Problem:
Beginning with the line that contains "2. person (604, 680, 657, 814)", restate each line below through the final one exactly, and exclude the pictures.

Task input:
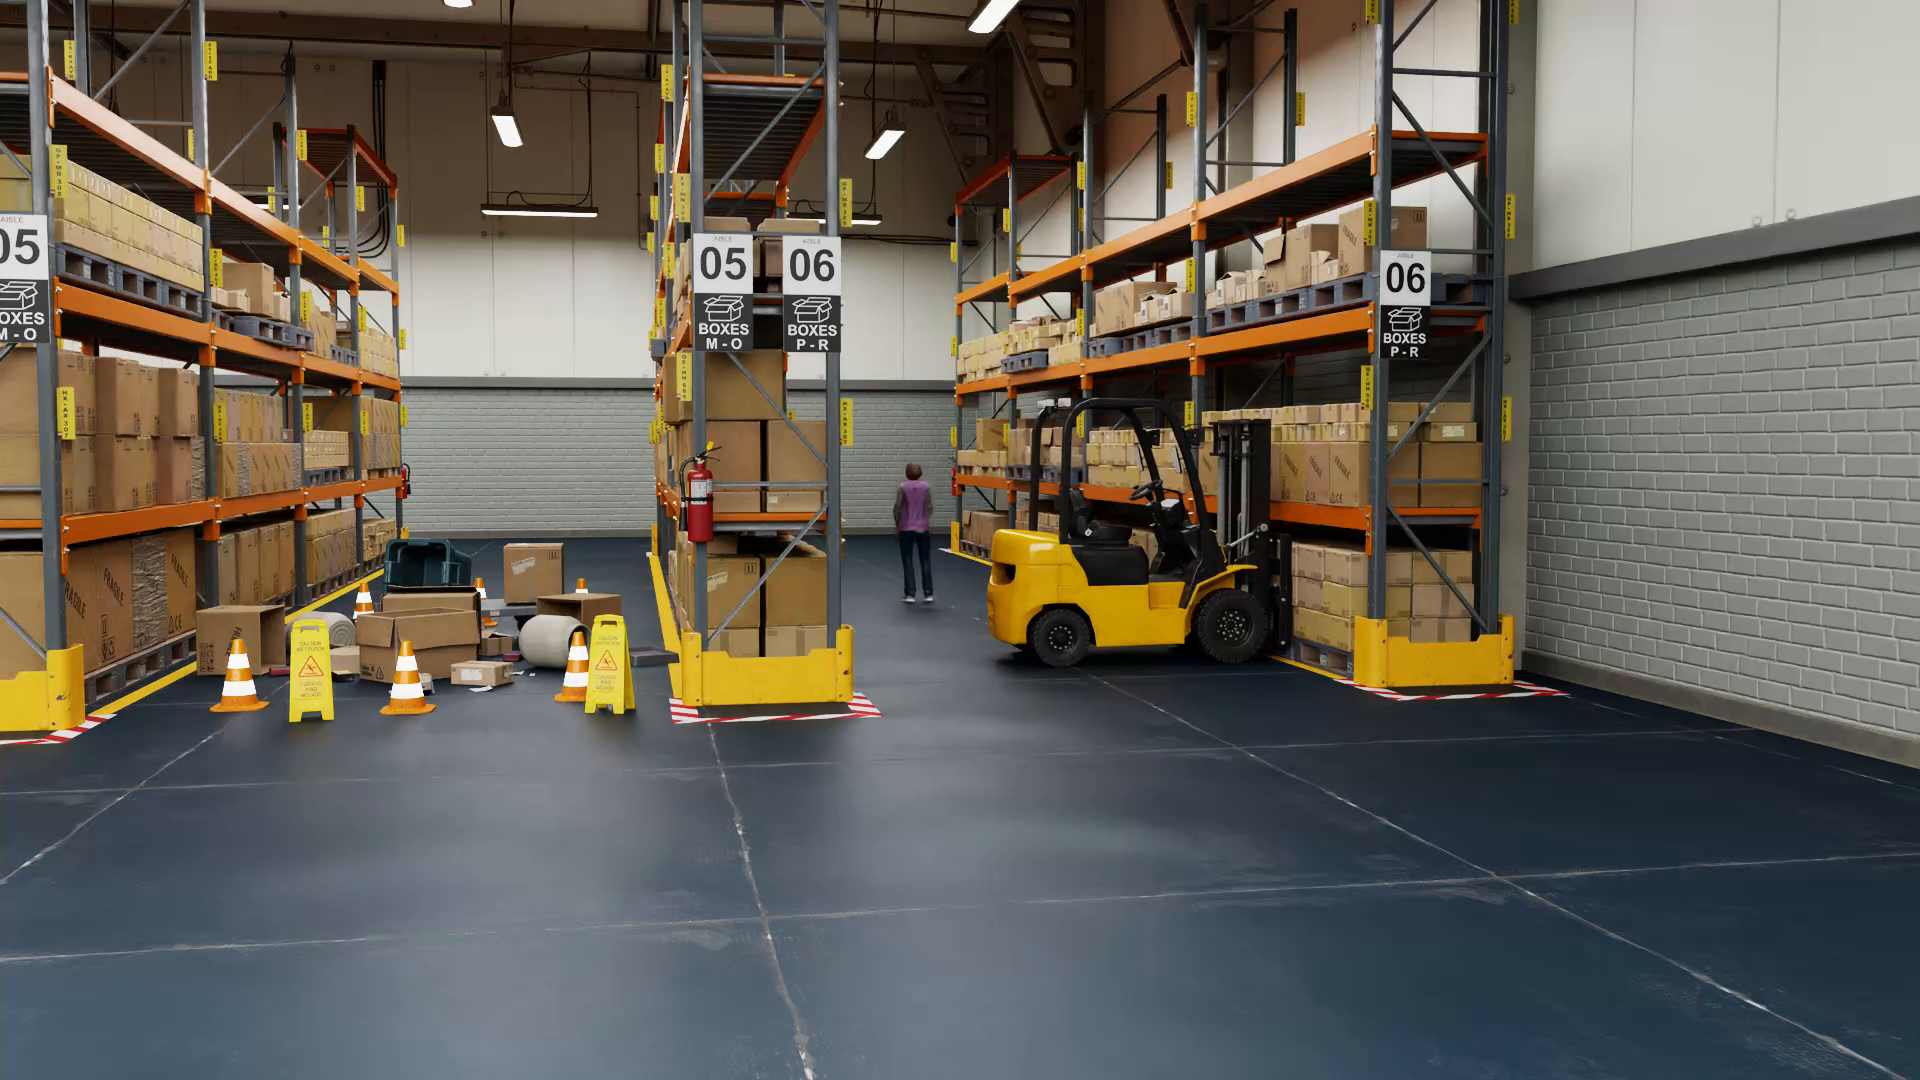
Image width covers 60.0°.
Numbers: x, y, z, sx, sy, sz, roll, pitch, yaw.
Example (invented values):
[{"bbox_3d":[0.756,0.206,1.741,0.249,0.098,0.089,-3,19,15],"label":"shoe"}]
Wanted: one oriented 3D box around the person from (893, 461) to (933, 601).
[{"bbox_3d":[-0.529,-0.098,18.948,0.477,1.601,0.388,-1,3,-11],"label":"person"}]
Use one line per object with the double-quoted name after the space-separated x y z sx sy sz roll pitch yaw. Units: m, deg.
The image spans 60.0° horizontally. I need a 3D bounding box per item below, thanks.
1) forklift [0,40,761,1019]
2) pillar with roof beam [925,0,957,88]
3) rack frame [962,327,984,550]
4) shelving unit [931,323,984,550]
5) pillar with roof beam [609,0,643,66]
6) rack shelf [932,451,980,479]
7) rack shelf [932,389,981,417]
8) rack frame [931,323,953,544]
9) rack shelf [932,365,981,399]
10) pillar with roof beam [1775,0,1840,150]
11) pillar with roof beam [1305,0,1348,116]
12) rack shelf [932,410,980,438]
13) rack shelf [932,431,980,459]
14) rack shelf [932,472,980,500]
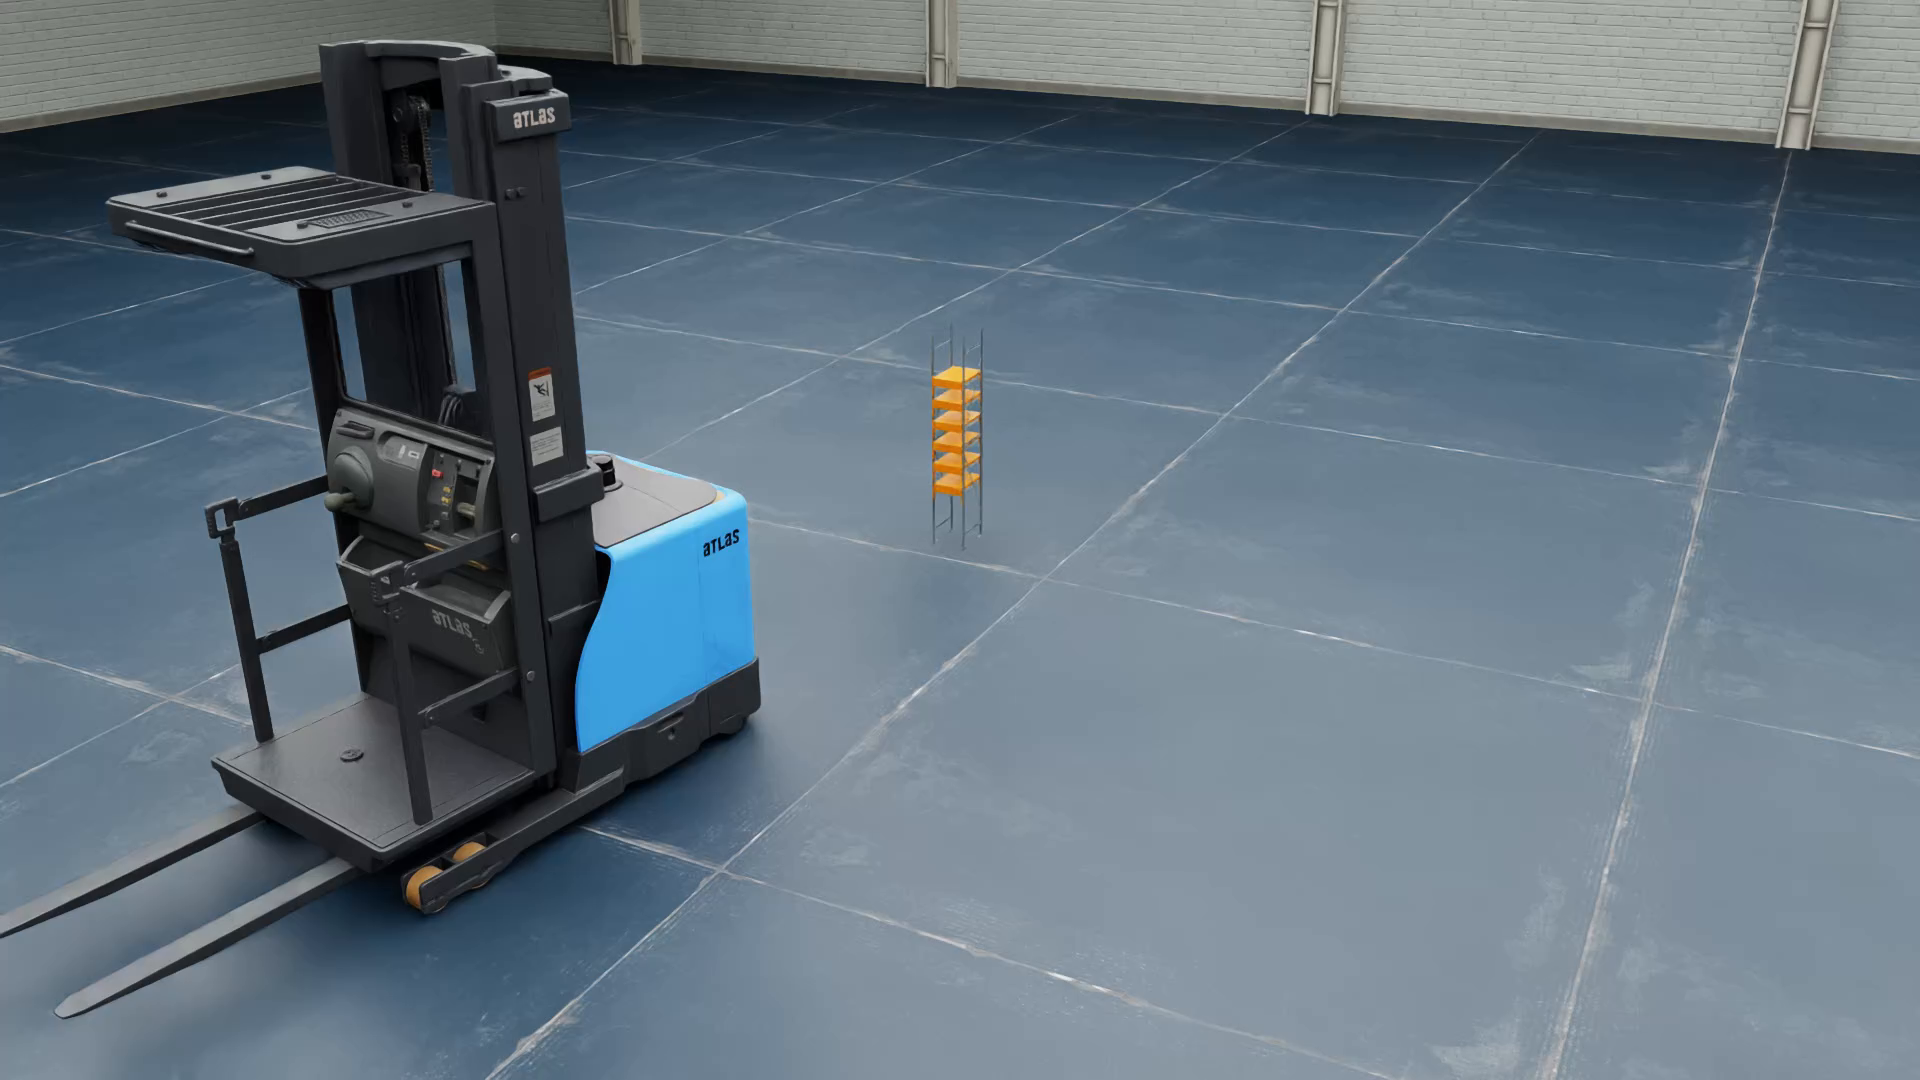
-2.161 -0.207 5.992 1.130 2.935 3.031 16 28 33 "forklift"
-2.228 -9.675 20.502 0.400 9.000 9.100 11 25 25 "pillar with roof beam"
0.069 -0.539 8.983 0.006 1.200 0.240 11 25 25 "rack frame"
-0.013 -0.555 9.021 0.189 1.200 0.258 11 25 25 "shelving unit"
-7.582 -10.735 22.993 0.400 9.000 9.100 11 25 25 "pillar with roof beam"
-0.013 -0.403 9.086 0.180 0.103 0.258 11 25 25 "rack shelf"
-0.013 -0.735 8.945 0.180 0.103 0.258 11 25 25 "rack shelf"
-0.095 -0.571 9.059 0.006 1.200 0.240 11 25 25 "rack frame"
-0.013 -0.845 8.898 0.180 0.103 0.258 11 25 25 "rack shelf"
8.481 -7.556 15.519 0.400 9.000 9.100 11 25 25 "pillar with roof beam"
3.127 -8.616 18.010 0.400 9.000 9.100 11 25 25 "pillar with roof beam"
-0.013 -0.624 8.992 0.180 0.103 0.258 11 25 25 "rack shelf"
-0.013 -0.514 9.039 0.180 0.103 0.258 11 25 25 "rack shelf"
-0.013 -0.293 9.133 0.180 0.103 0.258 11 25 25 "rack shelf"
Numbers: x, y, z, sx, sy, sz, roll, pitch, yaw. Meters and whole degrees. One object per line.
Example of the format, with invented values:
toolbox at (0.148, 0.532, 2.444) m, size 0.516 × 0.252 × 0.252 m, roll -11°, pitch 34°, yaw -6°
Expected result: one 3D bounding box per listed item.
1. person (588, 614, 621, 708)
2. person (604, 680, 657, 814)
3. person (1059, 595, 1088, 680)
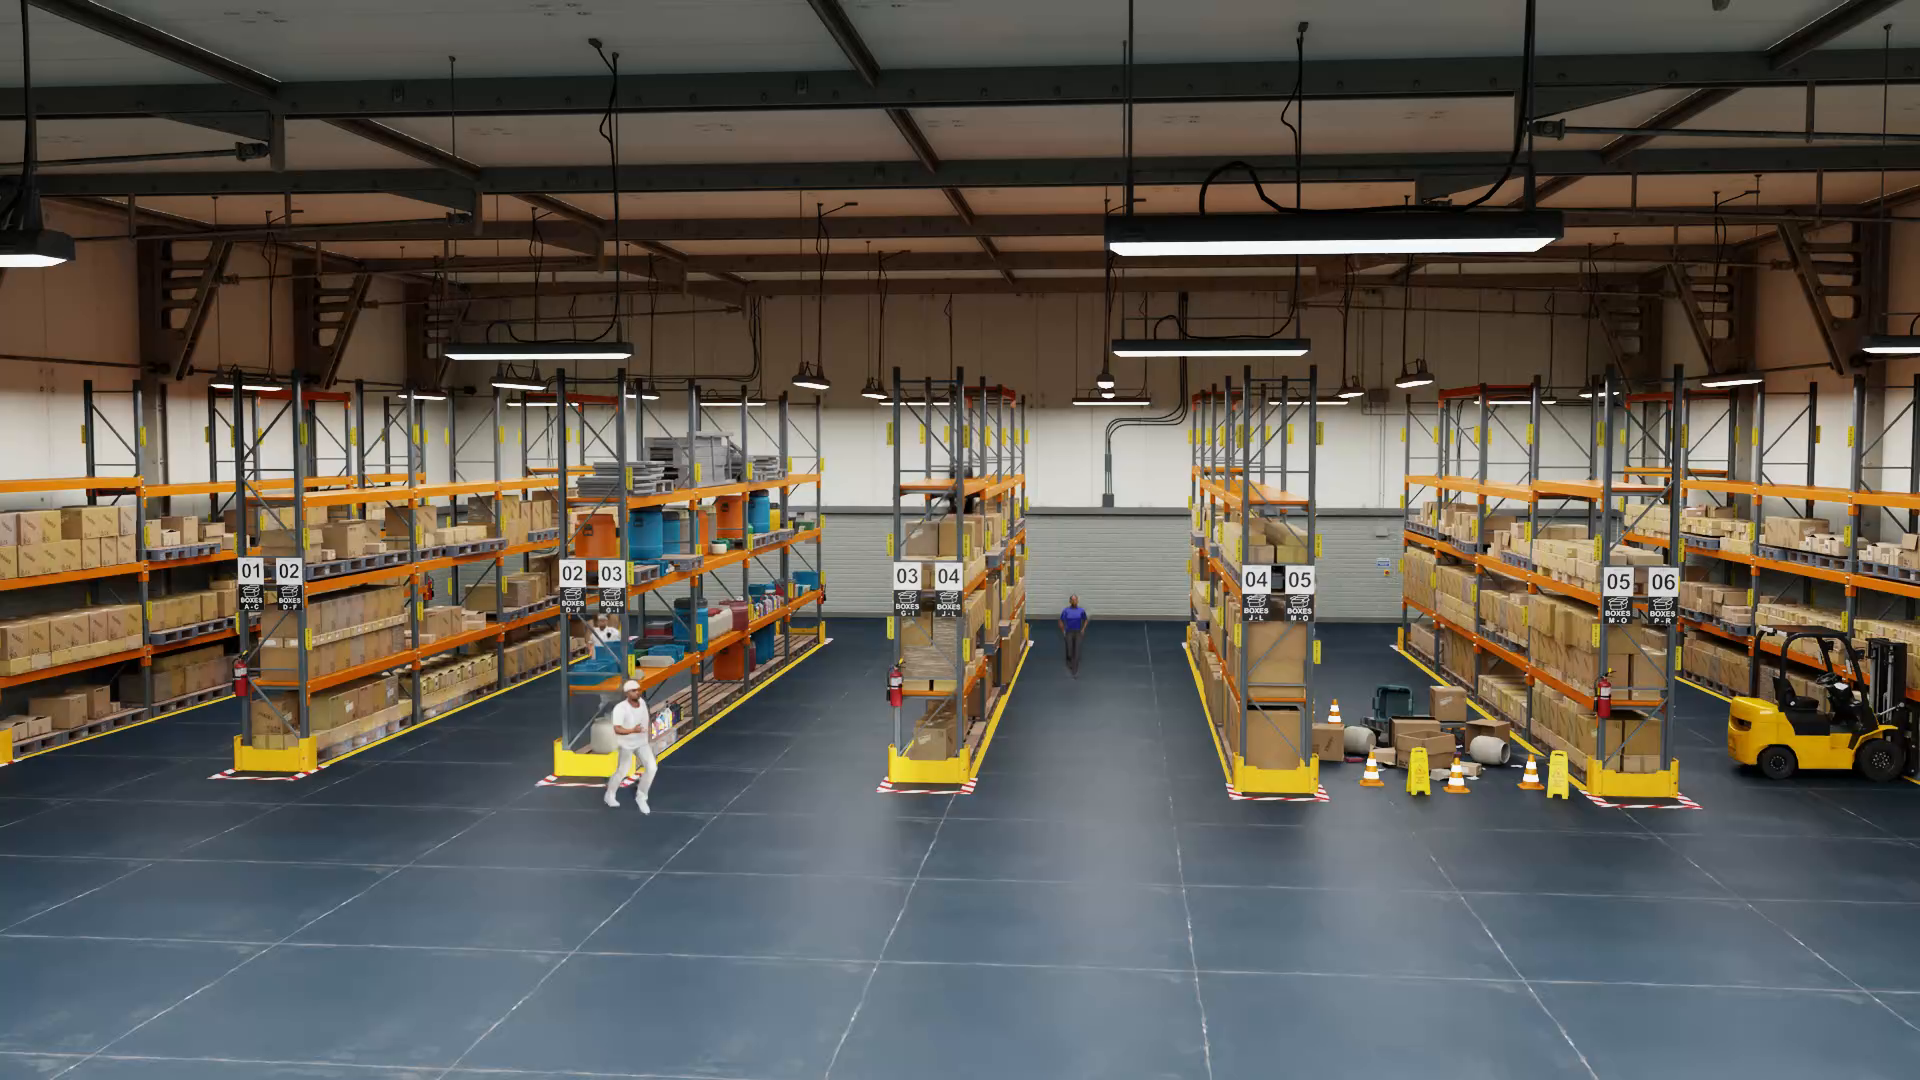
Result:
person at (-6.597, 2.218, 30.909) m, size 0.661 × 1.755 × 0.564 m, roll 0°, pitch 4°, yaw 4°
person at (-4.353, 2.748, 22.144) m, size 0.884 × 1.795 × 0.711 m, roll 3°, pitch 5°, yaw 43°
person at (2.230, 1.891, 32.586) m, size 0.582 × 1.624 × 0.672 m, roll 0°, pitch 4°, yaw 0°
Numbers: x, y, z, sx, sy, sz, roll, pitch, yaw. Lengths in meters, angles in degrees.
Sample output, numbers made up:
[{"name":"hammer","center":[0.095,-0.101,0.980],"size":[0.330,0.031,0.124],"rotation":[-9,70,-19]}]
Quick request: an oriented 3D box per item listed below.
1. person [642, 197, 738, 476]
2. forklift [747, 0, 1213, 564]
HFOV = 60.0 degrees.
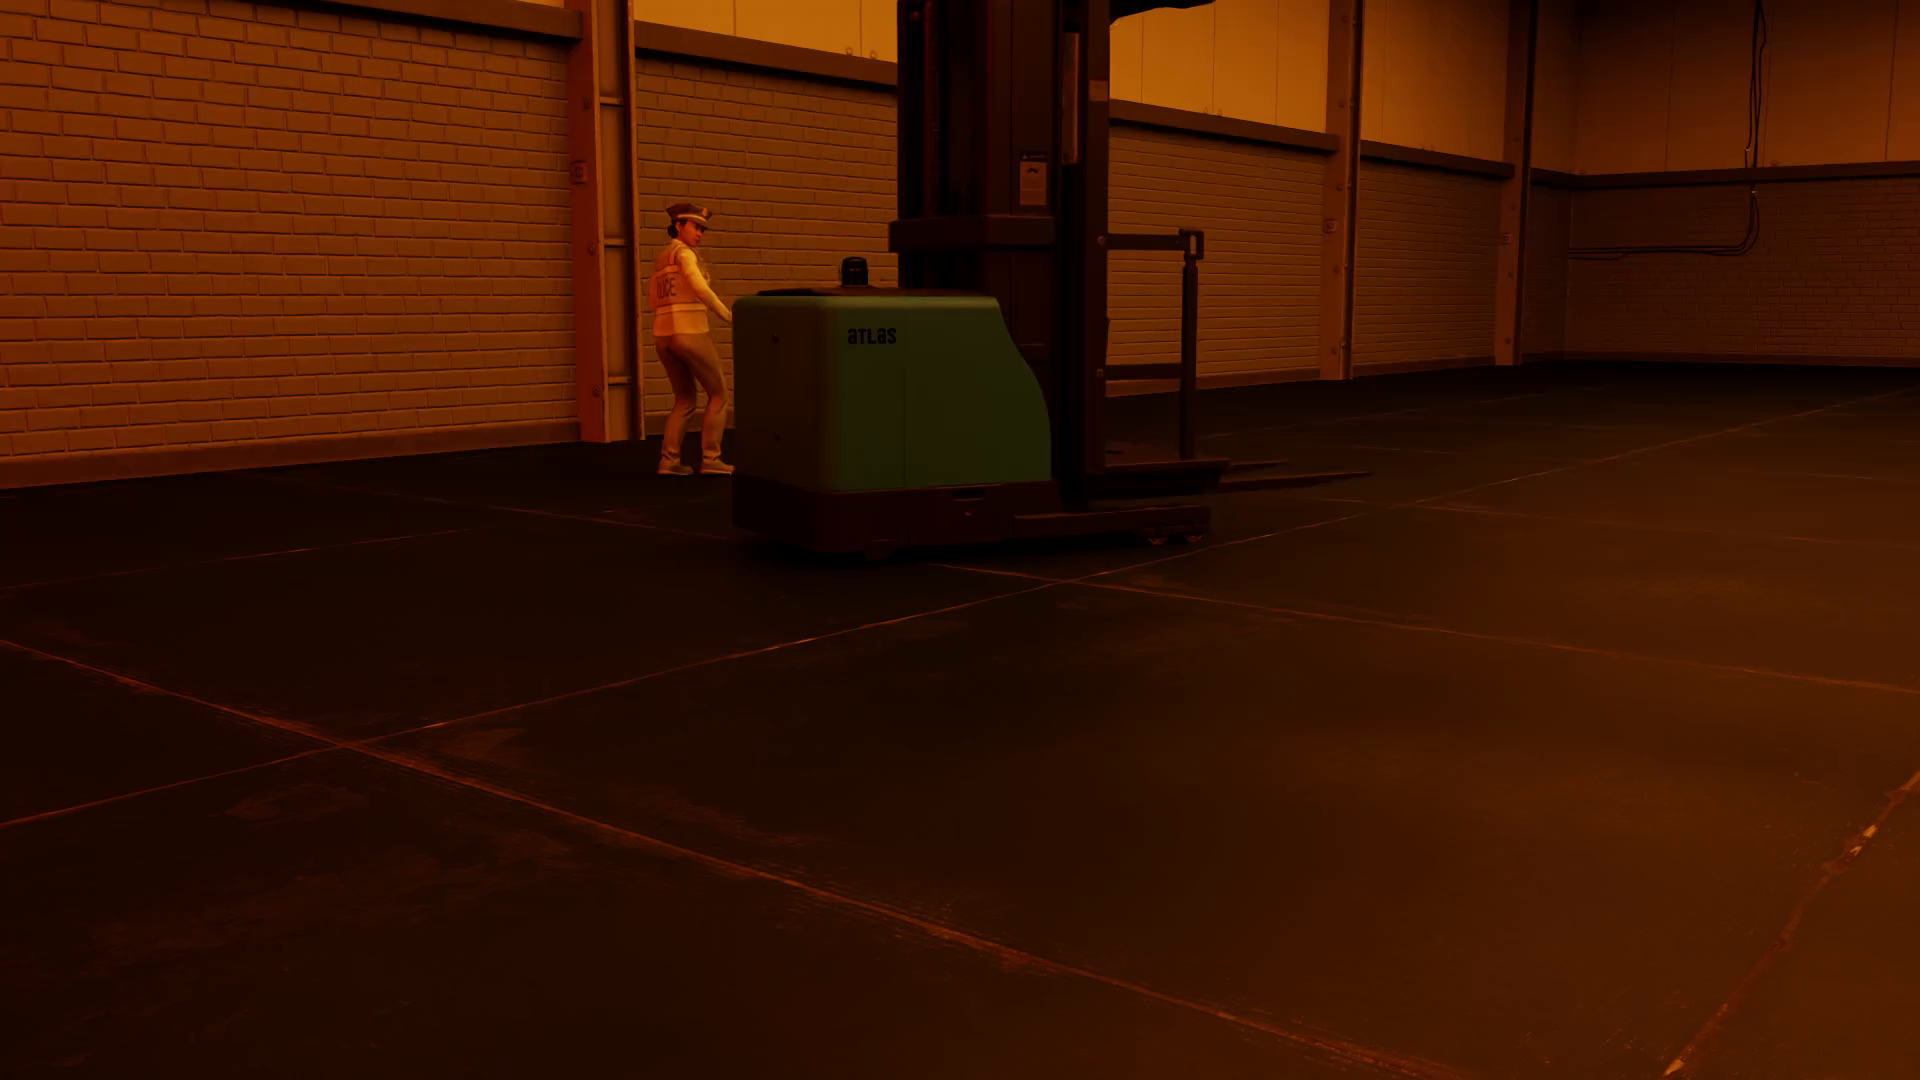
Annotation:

Response to the exercise:
2. person (604, 680, 657, 814)
3. person (1059, 595, 1088, 680)
Result:
person at (-6.597, 2.218, 30.909) m, size 0.661 × 1.755 × 0.564 m, roll 0°, pitch 4°, yaw 4°
person at (-4.353, 2.748, 22.144) m, size 0.884 × 1.795 × 0.711 m, roll 3°, pitch 5°, yaw 43°
person at (2.230, 1.891, 32.586) m, size 0.582 × 1.624 × 0.672 m, roll 0°, pitch 4°, yaw 0°
Numbers: x, y, z, sx, sy, sz, roll, pitch, yaw. Lengths in meters, angles in degrees.
Sample output, numbers made up:
[{"name":"hammer","center":[0.095,-0.101,0.980],"size":[0.330,0.031,0.124],"rotation":[-9,70,-19]}]
Quick request: an oriented 3D box per item listed below.
1. person [642, 197, 738, 476]
2. forklift [747, 0, 1213, 564]
HFOV = 60.0 degrees.
Annotation:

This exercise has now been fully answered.